Only the lines from the one containing "text 三 就主張抵銷之請求尚有餘額部分，有提起反訴之利益者。" through the one containing "647, 1559, 717]" should be printed, exactly as they appear below, with both ends included.

(Items listed in a dataset)

= = = = = = =

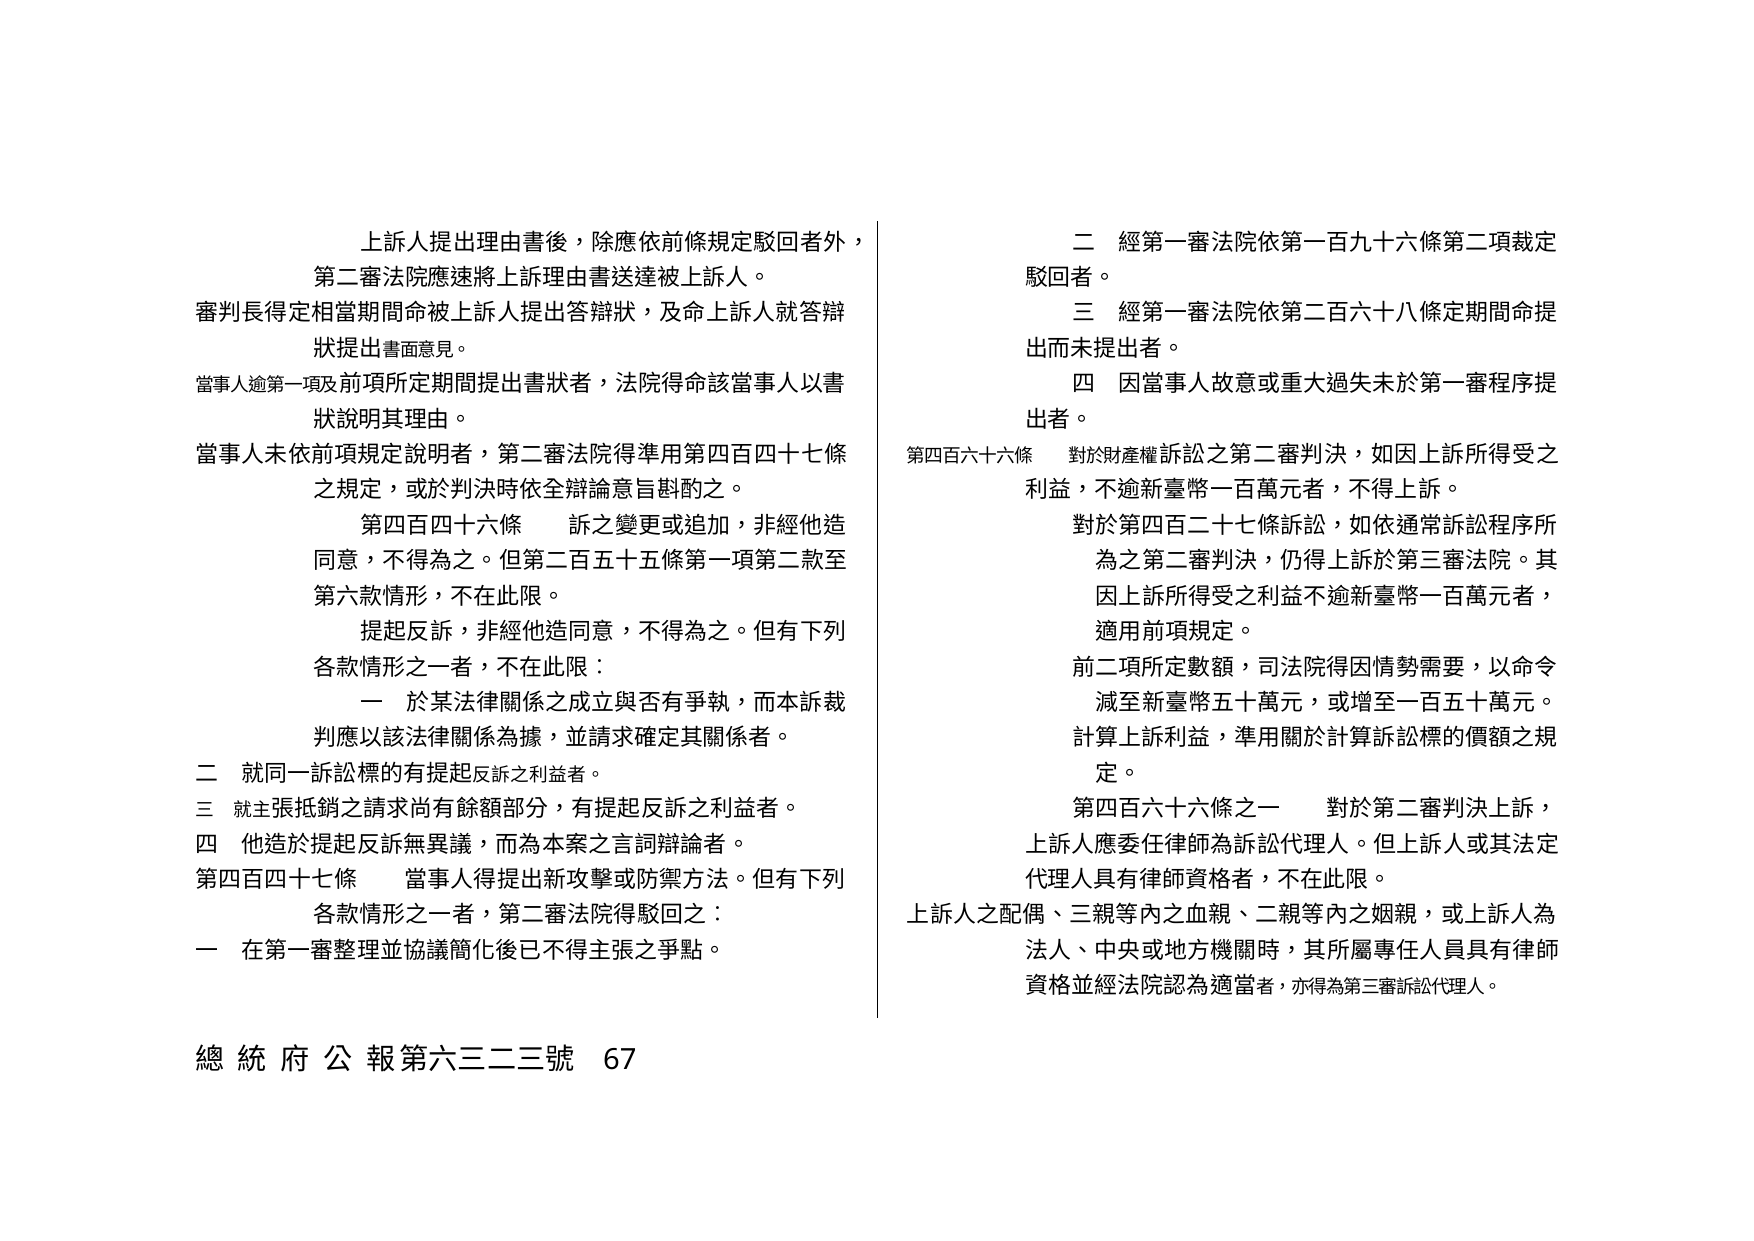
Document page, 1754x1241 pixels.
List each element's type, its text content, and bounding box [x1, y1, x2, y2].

text 四 他造於提起反訴無異議，而為本案之言詞辯論者。 [195, 824, 847, 859]
text 提起反訴，非經他造同意，不得為之。但有下列各款情形之一者，不在此限︰ [313, 611, 847, 682]
text 第四百四十六條 訴之變更或追加，非經他造同意，不得為之。但第二百五十五條第一項第二款至第六款情形，不在此限。 [313, 505, 847, 611]
text 四 因當事人故意或重大過失未於第一審程序提出者。 [1025, 363, 1559, 434]
text 審判長得定相當期間命被上訴人提出答辯狀，及命上訴人就答辯狀提出書面意見。 [195, 292, 847, 363]
text 上訴人之配偶、三親等內之血親、二親等內之姻親，或上訴人為法人、中央或地方機關時，其所屬專任人員具有律師資格並經法院認為適當者，亦得為第三審訴訟代理人。 [907, 894, 1559, 1001]
text 上訴人提出理由書後，除應依前條規定駁回者外，第二審法院應速將上訴理由書送達被上訴人。 [313, 222, 847, 292]
text 當事人逾第一項及前項所定期間提出書狀者，法院得命該當事人以書狀說明其理由。 [195, 363, 847, 434]
text 當事人未依前項規定說明者，第二審法院得準用第四百四十七條之規定，或於判決時依全辯論意旨斟酌之。 [195, 434, 847, 505]
text 第四百六十六條之一 對於第二審判決上訴，上訴人應委任律師為訴訟代理人。但上訴人或其法定代理人具有律師資格者，不在此限。 [1025, 788, 1559, 894]
text 二 就同一訴訟標的有提起反訴之利益者。 [195, 753, 847, 788]
text 計算上訴利益，準用關於計算訴訟標的價額之規定。 [1072, 717, 1559, 788]
text 一 於某法律關係之成立與否有爭執，而本訴裁判應以該法律關係為據，並請求確定其關係者。 [313, 682, 847, 753]
text 第四百四十七條 當事人得提出新攻擊或防禦方法。但有下列各款情形之一者，第二審法院得駁回之︰ [195, 859, 847, 930]
text 第四百六十六條 對於財產權訴訟之第二審判決，如因上訴所得受之利益，不逾新臺幣一百萬元者，不得上訴。 [907, 434, 1559, 505]
text 一 在第一審整理並協議簡化後已不得主張之爭點。 [195, 930, 847, 965]
text 三 就主張抵銷之請求尚有餘額部分，有提起反訴之利益者。 [195, 788, 847, 824]
text 二 經第一審法院依第一百九十六條第二項裁定駁回者。 [1025, 222, 1559, 292]
text 三 經第一審法院依第二百六十八條定期間命提出而未提出者。 [1025, 292, 1559, 363]
text 前二項所定數額，司法院得因情勢需要，以命令減至新臺幣五十萬元，或增至一百五十萬元。 [1072, 647, 1559, 717]
text 對於第四百二十七條訴訟，如依通常訴訟程序所為之第二審判決，仍得上訴於第三審法院。其因上訴所得受之利益不逾新臺幣一百萬元者，適用前項規定。 [1072, 505, 1559, 647]
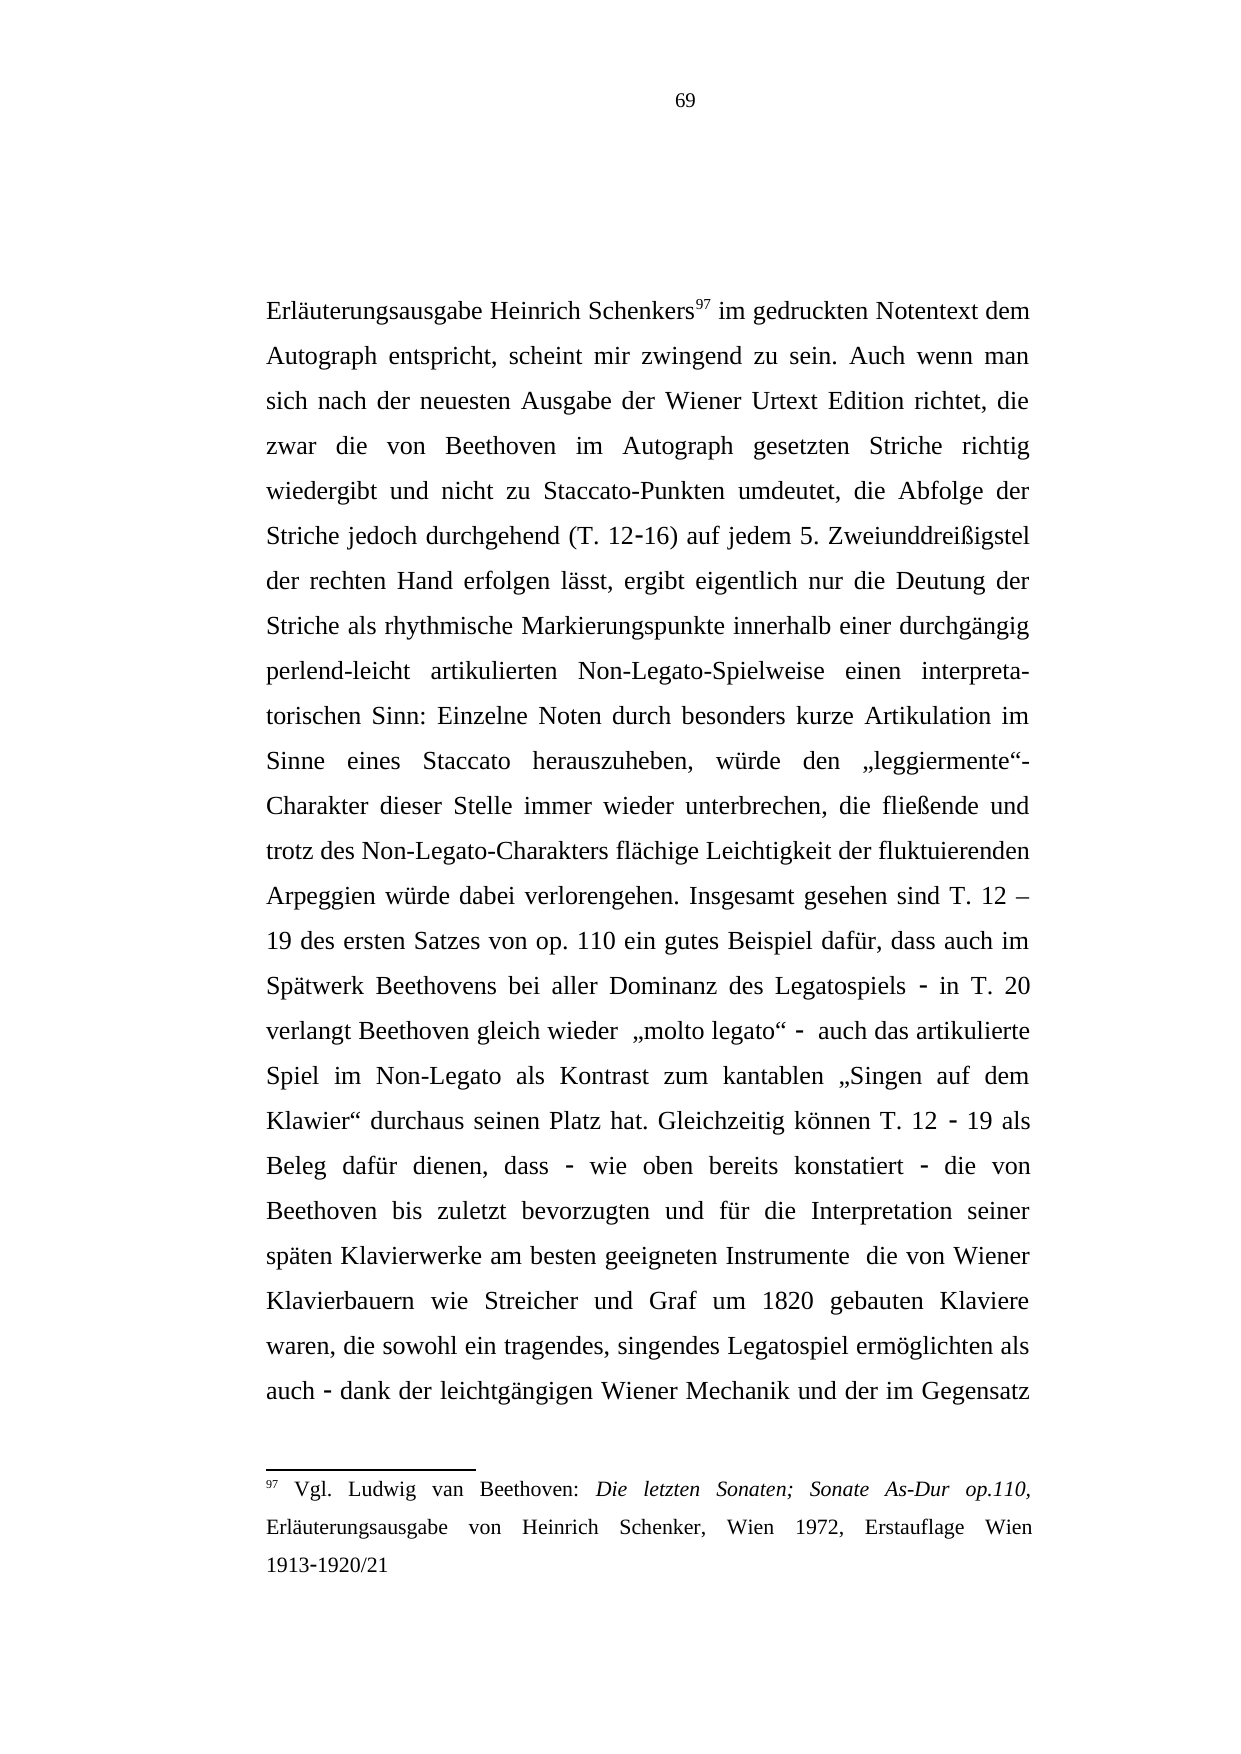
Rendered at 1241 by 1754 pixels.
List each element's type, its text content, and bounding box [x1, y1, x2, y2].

text Vgl. Ludwig van Beethoven: Die letzten Sonaten; Sonate As-Dur op.110, Erläuterungsausgabe von Heinrich Schenker, Wien 1972, Erstauflage Wien 19131920/21 [266, 1476, 1034, 1577]
text Erläuterungsausgabe Heinrich Schenkers im gedruckten Notentext dem Autograph entspricht, scheint mir zwingend zu sein. Auch wenn man sich nach der neuesten Ausgabe der Wiener Urtext Edition richtet, die zwar die von Beethoven im Autograph gesetzten Striche richtig wiedergibt und nicht zu Staccato-Punkten umdeutet, die Abfolge der Striche jedoch durchgehend (T. 1216) auf jedem 5. Zweiunddreißigstel der rechten Hand erfolgen lässt, ergibt eigentlich nur die Deutung der Striche als rhythmische Markierungspunkte innerhalb einer durchgängig perlend-leicht artikulierten Non-Legato-Spielweise einen interpreta-torischen Sinn: Einzelne Noten durch besonders kurze Artikulation im Sinne eines Staccato herauszuheben, würde den „leggiermente“-Charakter dieser Stelle immer wieder unterbrechen, die fließende und trotz des Non-Legato-Charakters flächige Leichtigkeit der fluktuierenden Arpeggien würde dabei verlorengehen. Insgesamt gesehen sind T. 12 – 19 des ersten Satzes von op. 110 ein gutes Beispiel dafür, dass auch im Spätwerk Beethovens bei aller Dominanz des Legatospiels  in T. 20 verlangt Beethoven gleich wieder „molto legato“  auch das artikulierte Spiel im Non-Legato als Kontrast zum kantablen „Singen auf dem Klawier“ durchaus seinen Platz hat. Gleichzeitig können T. 12  19 als Beleg dafür dienen, dass  wie oben bereits konstatiert  die von Beethoven bis zuletzt bevorzugten und für die Interpretation seiner späten Klavierwerke am besten geeigneten Instrumente die von Wiener Klavierbauern wie Streicher und Graf um 1820 gebauten Klaviere waren, die sowohl ein tragendes, singendes Legatospiel ermöglichten als auch  dank der leichtgängigen Wiener Mechanik und der im Gegensatz [266, 295, 1031, 1405]

= = = = = = =

• _WRITTEN RESPONSE_
text 三 就主張抵銷之請求尚有餘額部分，有提起反訴之利益者。 [195, 788, 847, 824]
text 二 經第一審法院依第一百九十六條第二項裁定駁回者。 [1025, 222, 1559, 292]
text 三 經第一審法院依第二百六十八條定期間命提出而未提出者。 [1025, 292, 1559, 363]
text 前二項所定數額，司法院得因情勢需要，以命令減至新臺幣五十萬元，或增至一百五十萬元。 [1072, 647, 1559, 717]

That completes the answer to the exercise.